Quran Speech to Text Dataset

The dataset is structured as the following:

audio_data/
  reader_1/
     001001.mp3 (surah 1, ayah 1)
     001002.mp3
     ...
  reader_2/
     001001.mp3
    ...
      114006.mp3 (surah 114, ayah 6)
   reader_3/
...


Note, that not all readers have all the 6236 ayat of Quran, some may not even have all the 114 surahs.

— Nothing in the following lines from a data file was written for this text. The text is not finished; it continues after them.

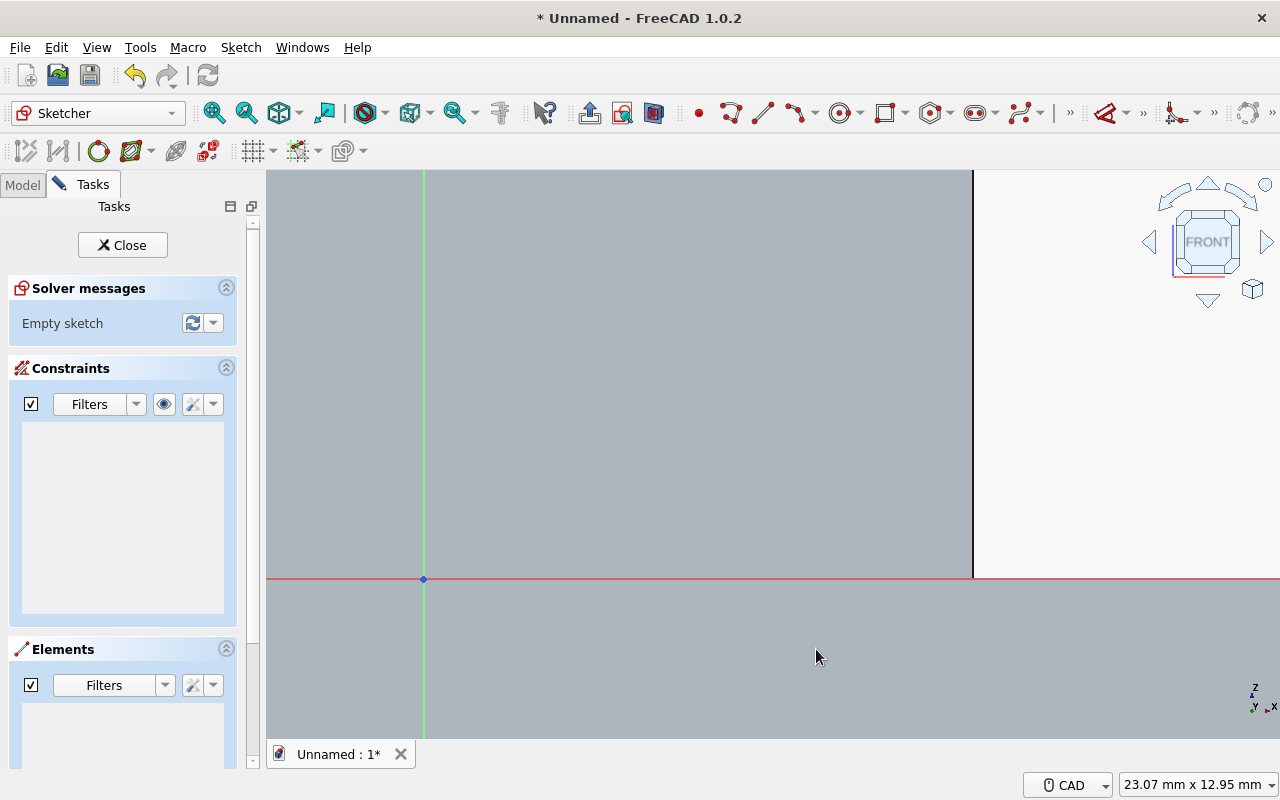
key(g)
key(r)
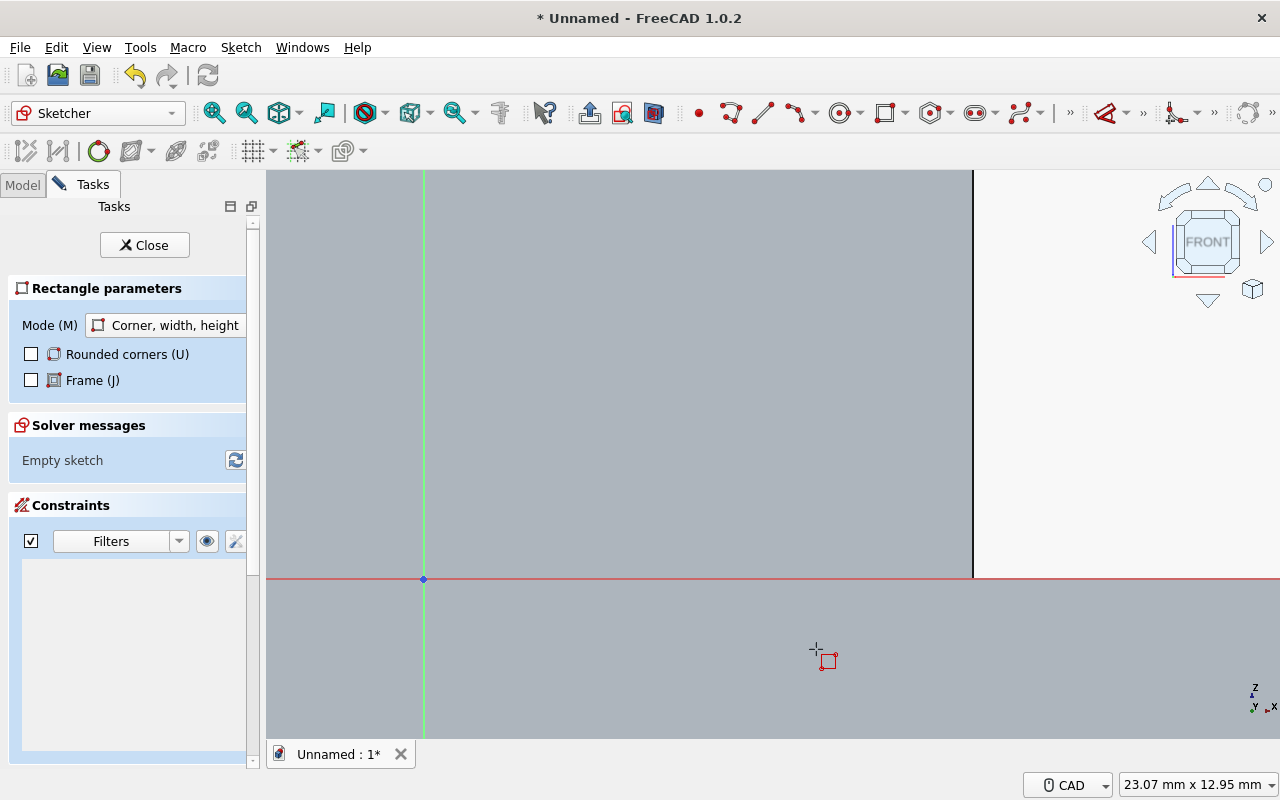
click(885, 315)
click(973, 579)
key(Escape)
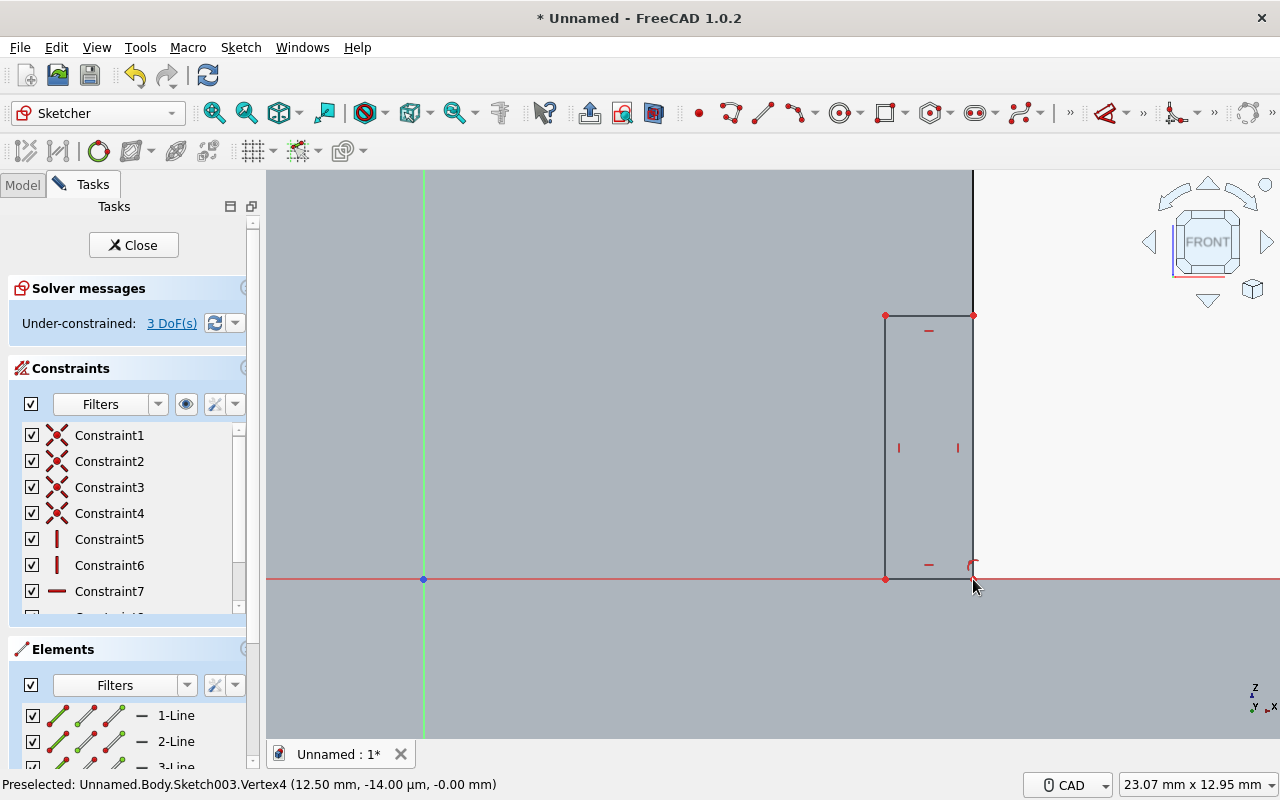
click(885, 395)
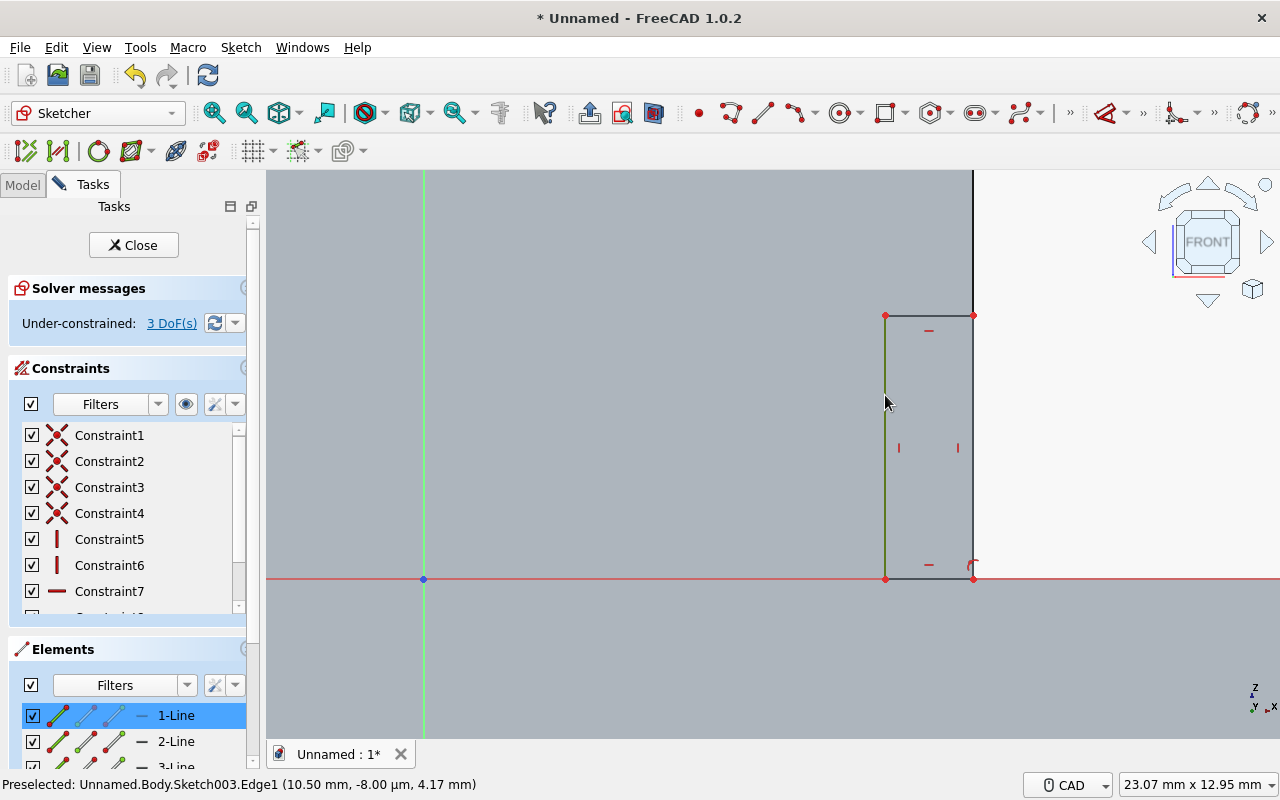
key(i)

The text of the surahs is in the all_ayat.json file. all_ayat.json file has all the surahs and ayas in Arabic text.
json key format is "1_1" for surah 1 ayah 1, or "114_2" (surah 114 ayah 2). In other words, "xxx_yyy" where x is surah number and y is ayah number up to 3 digits long.
{"tafsir":{"1_1":{"text":"بِسْمِ اللَّهِ الرَّحْمَٰنِ الرَّحِيمِ"},"1_2":{"text":"الْحَمْدُ لِلَّهِ رَبِّ الْعَالَمِينَ"},"1_3":{"text":"الرَّحْمَٰنِ الرَّحِيمِ"},"1_4":{"text":"مَالِكِ يَوْمِ الدِّينِ"},"1_5":{"text":"إِيَّاكَ نَعْبُدُ وَإِيَّاكَ نَسْتَعِينُ"},"1_6":{"text":"اهْدِنَا الصِّرَاطَ الْمُسْتَقِيمَ"}, ...}

Some extra machine learning input convenience notes:

audo_list.txt has a list of all mp3 files found in the audio_data directory, transcripts.tsv is a tab-separated-value file that can be used as an input to a machine learning program. It has the format Path-Duration(in seconds) -Arabic text.